#### [Your goal]
Leaving the pictures aside, return all of the data below exactly.

#### [Source data]

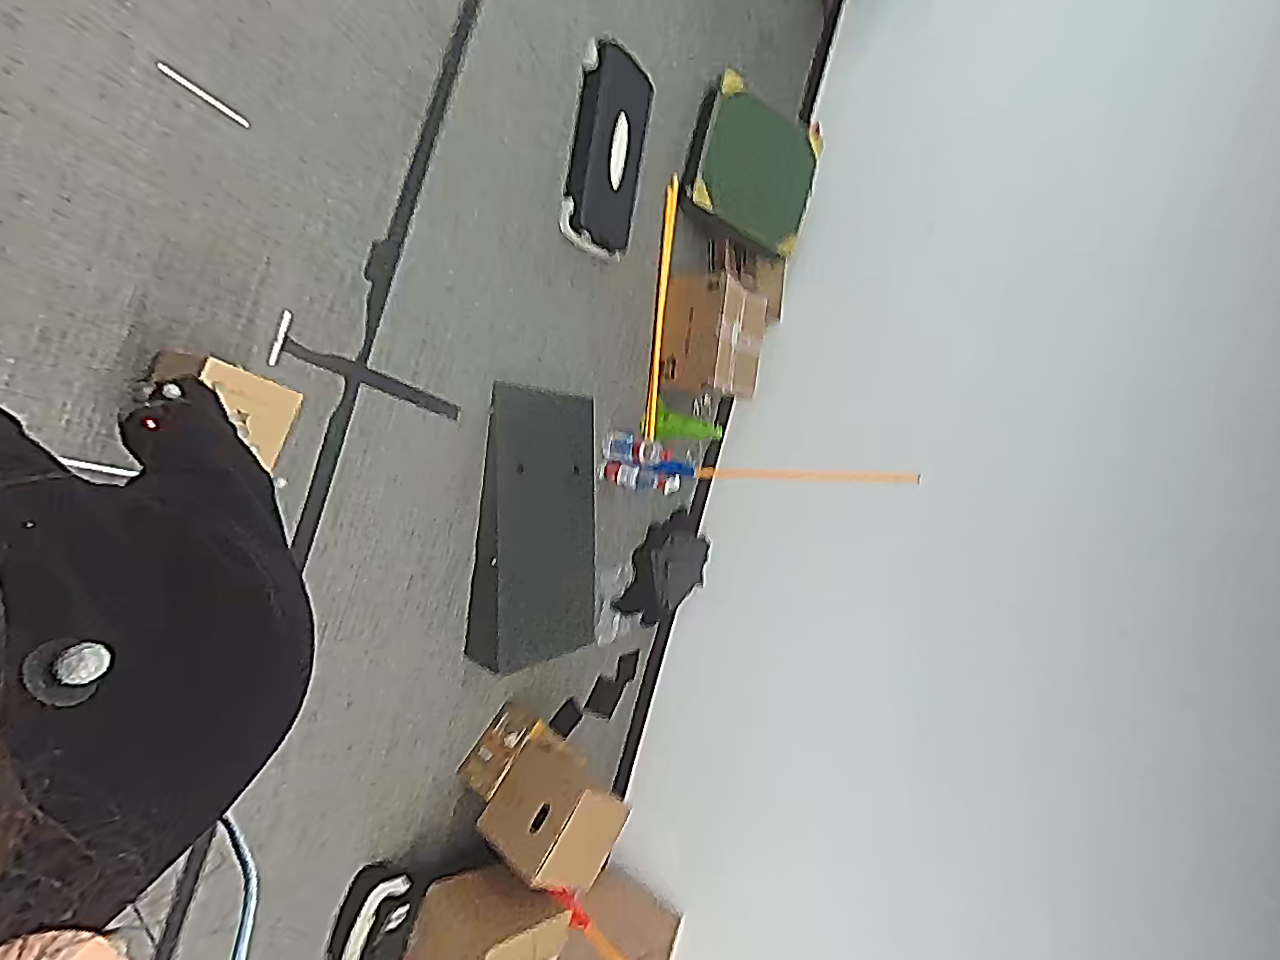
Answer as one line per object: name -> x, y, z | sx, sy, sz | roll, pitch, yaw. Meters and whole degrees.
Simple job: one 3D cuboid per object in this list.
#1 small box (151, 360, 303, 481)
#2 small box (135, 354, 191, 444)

#### [Written response]
Answer as one line per object: name -> x, y, z | sx, sy, sz | roll, pitch, yaw. Meters and whole degrees.
Simple job: one 3D cuboid per object in this list.
#1 small box (151, 360, 303, 481)
#2 small box (135, 354, 191, 444)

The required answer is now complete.